Today, it is accepted that far from rubbish, ETs are in fact responsible for some of the most important aspects of genome evolution, such as gene duplication and rearrangement. But they are also responsible for the evolution of the linear chromosomes themselves (a characteristic of eukaryotes) which are “capped” (terminated) by short sequence motifs called telomeres. These 6 base repeats work to maintain both linearity and full length of chromosomes during replication.

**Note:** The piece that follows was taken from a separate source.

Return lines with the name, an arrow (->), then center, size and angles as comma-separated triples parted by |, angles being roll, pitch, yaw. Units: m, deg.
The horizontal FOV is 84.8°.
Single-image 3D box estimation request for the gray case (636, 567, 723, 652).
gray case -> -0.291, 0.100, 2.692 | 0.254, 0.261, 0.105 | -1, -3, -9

Meanwhile, a much longer sequence motif (~ 370 bases) called the centromere acts as the spindle attachment site, allowing homologous chromosomes to separate during cell division. Centromeres also have their evolutionary origins in TEs, which paradoxically have species-specific sequence identities guided by the dynamic evolution of TEs, although they play a fully conserved and fundamental role in mitosis.
Losing your telomeres
Complete assembly of the H. microstoma genome revealed that its chromosomes are capped by telomeres at one end, while the opposite ends instead end in what turned out to be arrays of centromeric sequences. Conventionally, the position of the centromere relative to the ends of chromosomes has been used to describe the “karyotype” of a species. Those found near the ends of the chromosome are known as “telocentric” (“near the telomeres”) and, given the limited resolving capabilities of karyological techniques, it has been assumed that they nevertheless end with the telomere sequence. .
However, the H. microstoma the genome shows definitively that chromosomes can indeed terminate in centromeric networks, which have probably come to replace telomeres during evolution.

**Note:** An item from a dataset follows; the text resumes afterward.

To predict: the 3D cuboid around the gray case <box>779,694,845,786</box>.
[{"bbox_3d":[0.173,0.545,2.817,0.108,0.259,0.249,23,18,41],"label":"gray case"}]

Being terminal requires the centromere to act as a telomere in protecting the chromosomal ends. At the same time, it must also retain its ancestral role as a substrate for the fixation of the spindle during cell division. However, evolving to play a dual role is far from straightforward, as there are telomere-specific proteins that interact directly with telomeric sequences to maintain chromosome-length homeostasis, and these presumably must also interact with them. the motif of the centromere sequence in the case of H. microstoma. This and other implications for the underlying mechanisms that orchestrate these fundamental processes in H. microstoma require further investigation. Meanwhile, whether or not terminal centromeres are found in other species described with telocentric karyotypes awaits the complete assembly of additional genomes.

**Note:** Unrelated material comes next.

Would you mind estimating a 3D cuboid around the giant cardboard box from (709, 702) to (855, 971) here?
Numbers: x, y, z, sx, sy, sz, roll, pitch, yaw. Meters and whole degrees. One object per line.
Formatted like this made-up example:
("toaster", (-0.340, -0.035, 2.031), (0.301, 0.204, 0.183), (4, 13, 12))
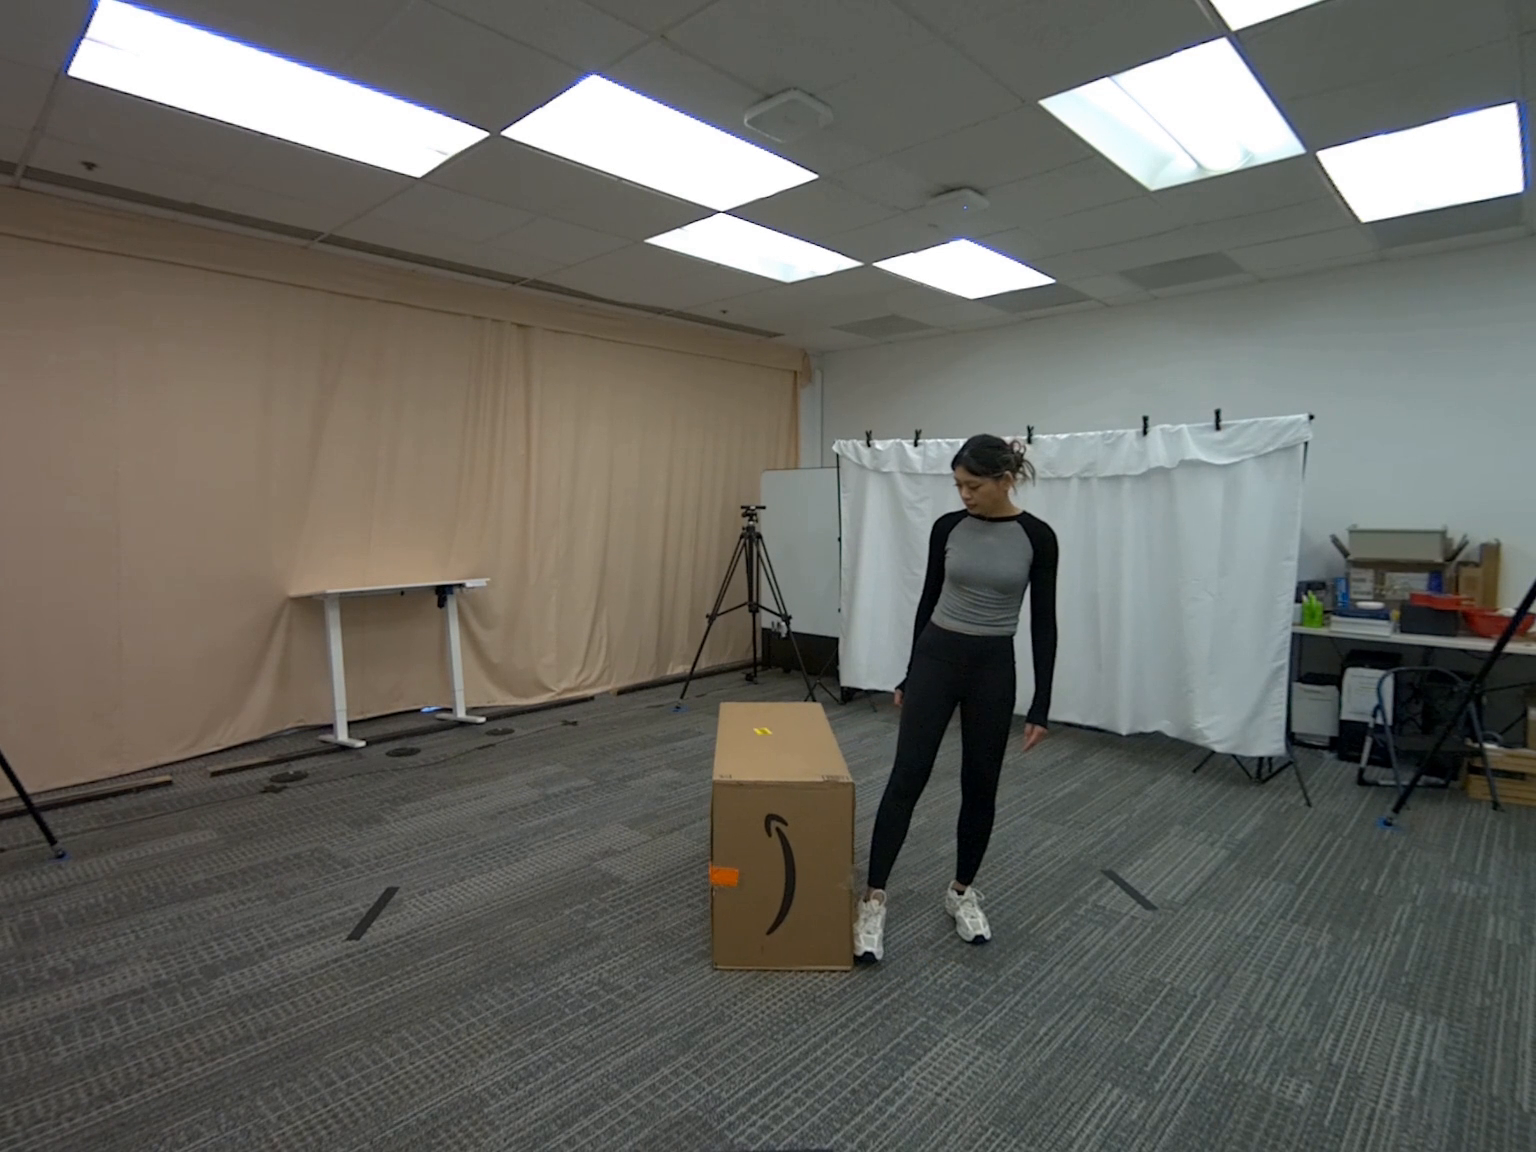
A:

Parasites are just organisms
It is common vanity even among biologists to view parasites as if they were completely separate from free animals, having nothing to teach us (ultimately) about our own biology. Likewise, any novelty in their biology is typically linked to their parasitic lifestyles. But parasitism is simply a trophic strategy which has been exploited by at least a few lineages within the majority of large groups of organisms; and few would argue, for example, that we have nothing to learn from the study of herbivores except to understand herbivores. These findings in a tapeworm point to fundamental lessons about chromosome evolution applicable to all organisms – not the effects of “parasitism” on the genome.